Let's test it and see if it works:

In [6]:
termsheet_to_dict('urn:newsml:reuters.com:20170323:nIFR9z7ZFL:1')['NOTES']

'EUR400m (from 300m+) 3yr LPN. RegS. Follows rshow. Exp nr/B+/BB.\r\nAlfa/ING/UBS(B&D). IPTs 2.75% area, guidance 2.625%/2.75% WPIR, set at 2.625% on\r\nbks closed >750m.'

Let's extract all data for all headlines:

In [7]:
from time import sleep

result = []

index = pd.DataFrame(headlines, columns=['storyId']).values.tolist()
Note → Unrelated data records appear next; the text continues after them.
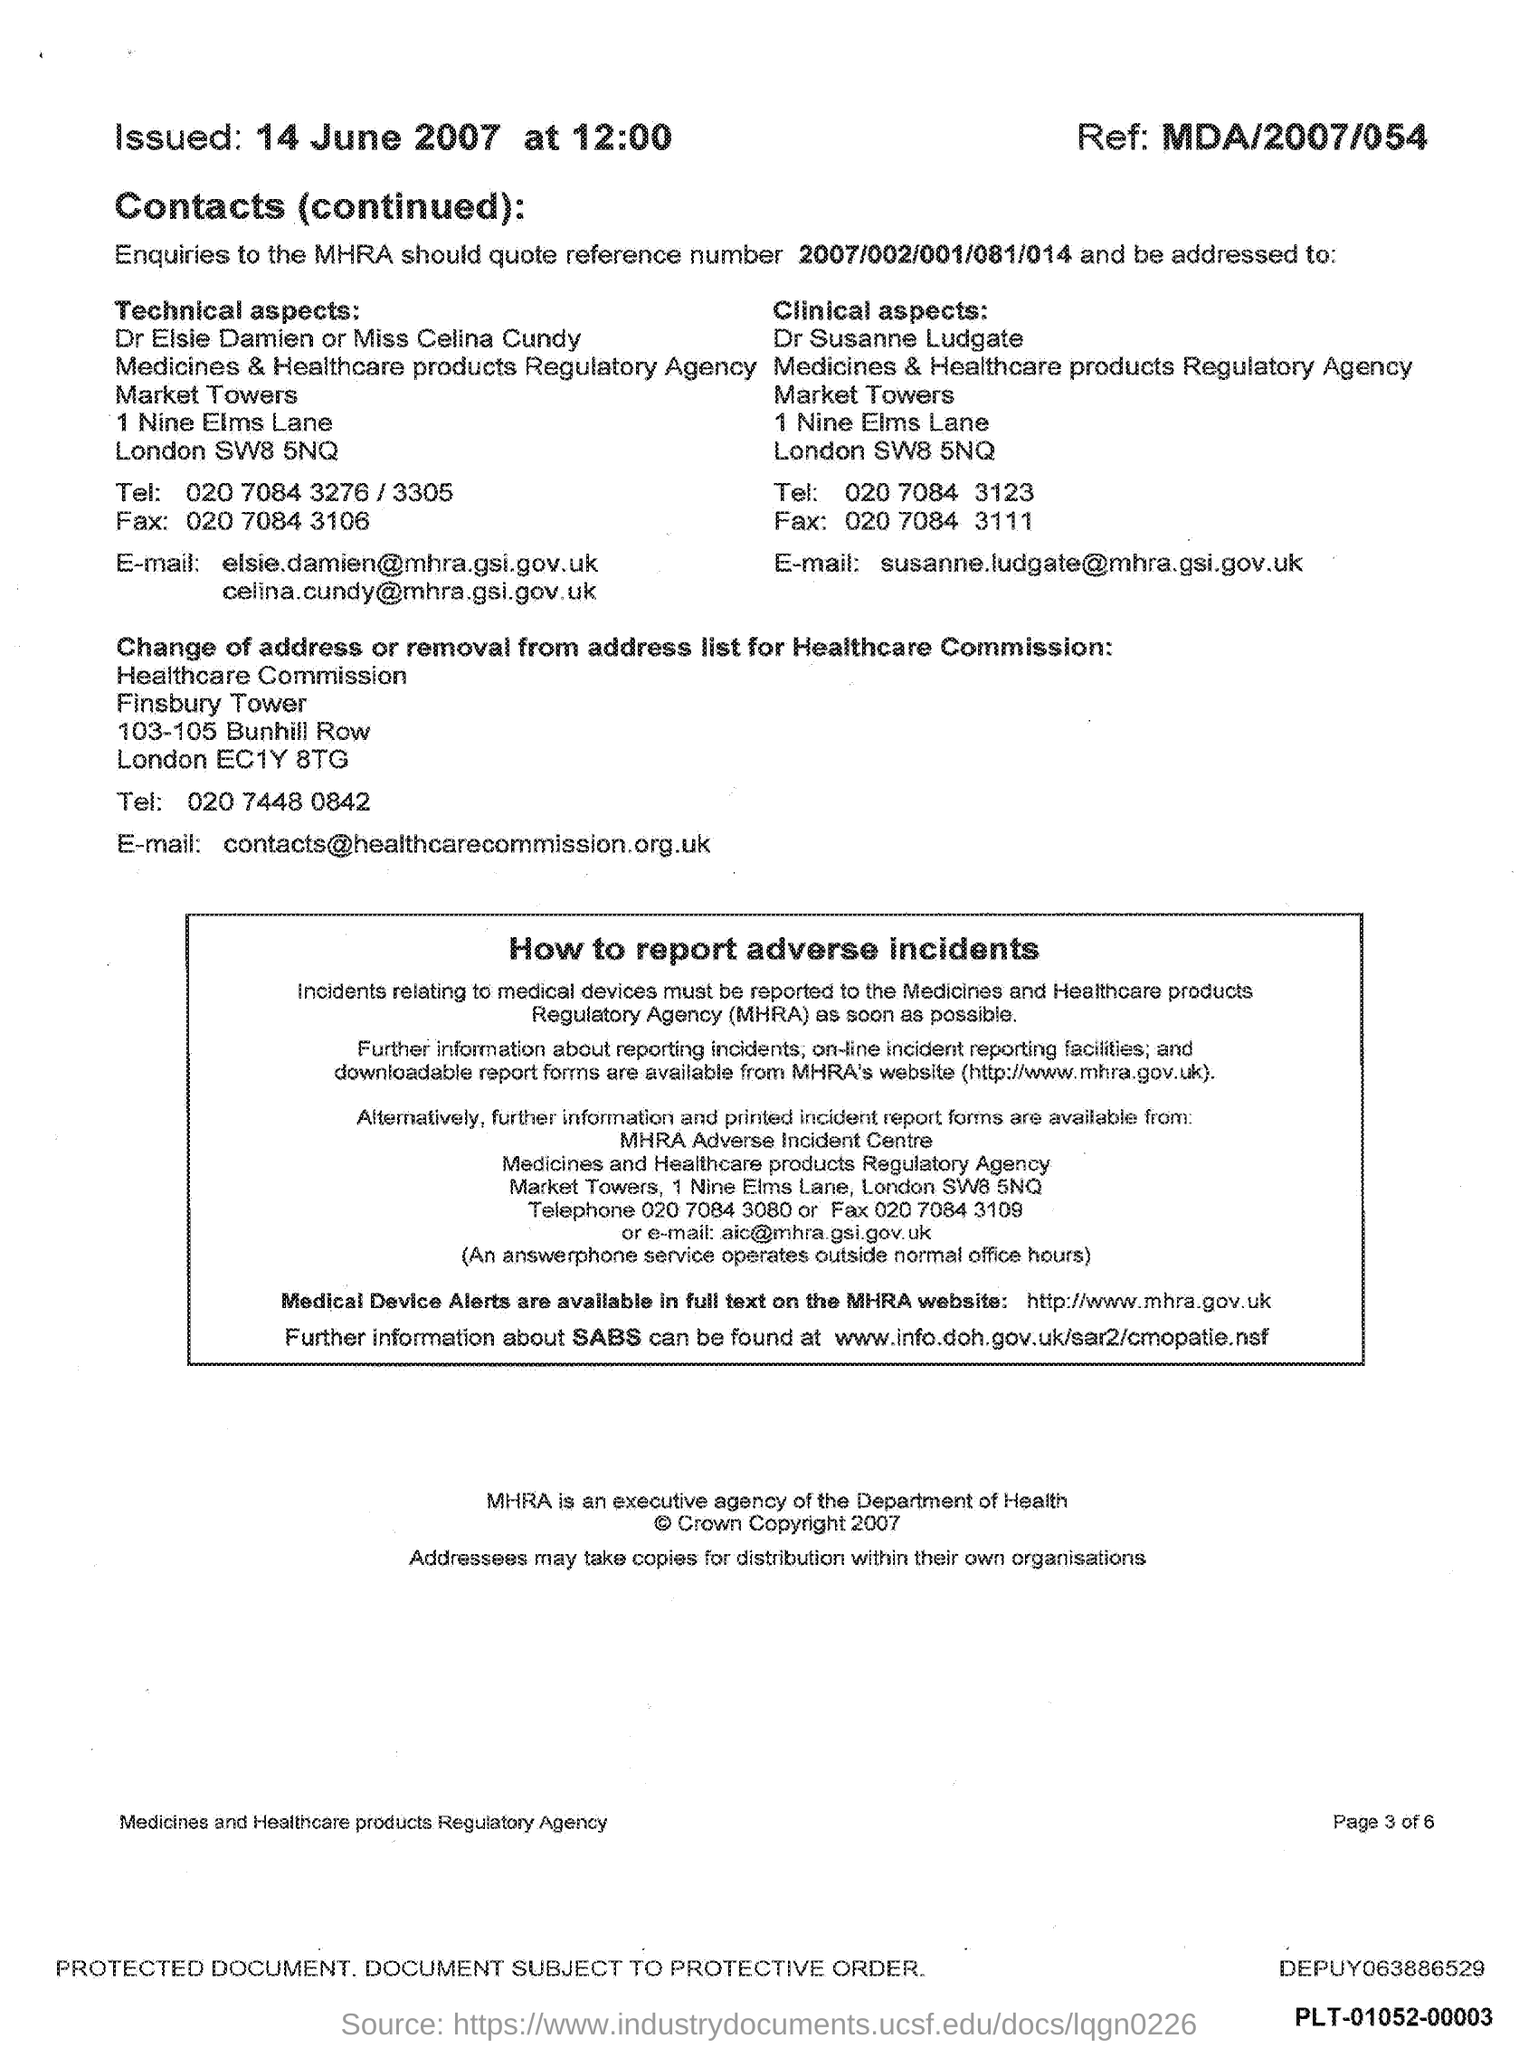Draw attention to some important aspects in this diagram. The document indicates a time of 12:00.. What ref number is mentioned in this document? MDA/2007/054... The issued date mentioned in this document is June 14th, 2007. 
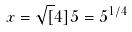<formula> <loc_0><loc_0><loc_500><loc_500>x = \sqrt { [ } 4 ] { 5 } = 5 ^ { 1 / 4 }</formula> 
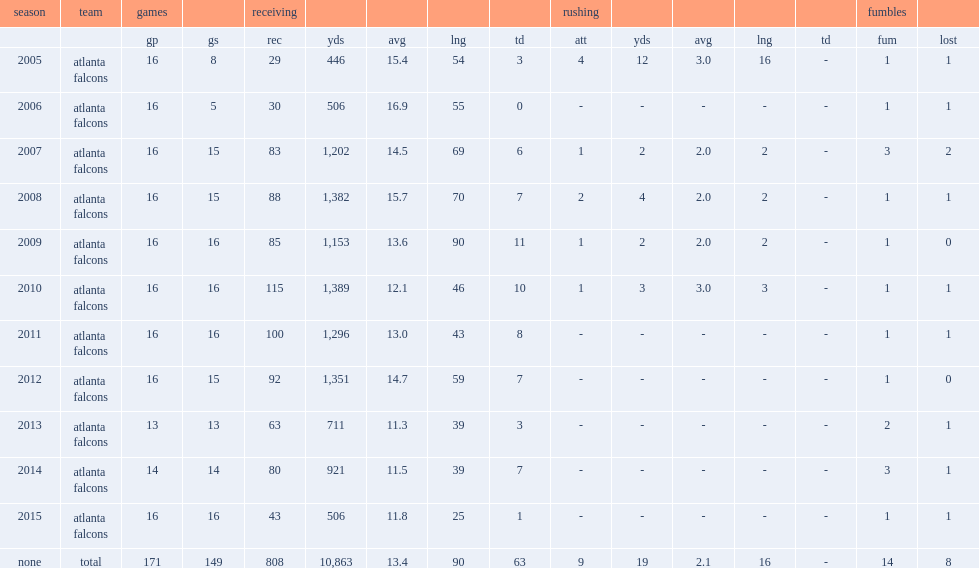How many receptions did roddy white get in 2011. 100.0.

for i, storyId in enumerate(index):
    x = termsheet_to_dict(storyId[0])
    if x:
        result.append(x)
   sleep(0.5)

df = pd.DataFrame(result)
df.head()

Unnamed: 0,1st Pay,Asset Type,Bookrunners,Business,CUSIP/ISIN,Call,Country,Coupon,DBRS,Denoms,...,Sector,Settledate,Size,Spread,Stabilis,Status,Tenor/Mty,Total,UOP,Yield
0,,High Yield,Stifel,,XS1597294781 /,01-May-19,LATVIA,10.750 Fixed,,200k/1k,...,Financials-Diversified,28-Apr-17,USD 325M,T+894,,PRICED,5yr 01-May-22,,,10.75
1,,Islamic,,,,,SAUDI ARABIA,3.628 Fixed,,200k/1k,...,,20-Apr-17,USD 4.5BN,MS+140,,PRICED,10yr 20-Apr-27,,,3.628\r\nSukuk
2,,Islamic,,,,,SAUDI ARABIA,2.894 Fixed,,200k/1k,...,,20-Apr-17,USD 4.5BN,MS+100,,PRICED,5yr 20-Apr-22,,,2.894\r\nSukuk
3,,High Yield,GS/UBS/VTB,,XS1598697412 Trade House PEREKRIOS...,,RUSSIA,9.250 Fixed,,10m/100k,...,Cons Staples-Retailing Limited Liability...,18-Apr-17,RUB 20BN,,,PRICED,3yr 18-Apr-20,,,9.25
4,,Investment Grade,Barc/Citi/Erste/ING/SG,,XS1313004928 /,,ROMANIA,3.875,,1k+1k,...,,19-Apr-17,EUR 750M,,,PRICED,18.5yr 29-Oct-35,2BN,,3.55\r\nSr Unsec Notes


Now, when we have the dataframe in place, we can perform simple stats on our data. For instance, how many of those issues reported were Investment Grade versus High Yield.

In [8]:
df['Asset Type'].value_counts()

Investment Grade    47
High Yield          24
Islamic             10
Covered              2
Name: Asset Type, dtype: int64

What about a specific country?

In [9]:
df[df['Country']=='RUSSIA']['Asset Type'].value_counts()

Investment Grade    6
High Yield          6
Name: Asset Type, dtype: int64

You can experiment further by changing the original headline search query, for example, by including the RIC into your request.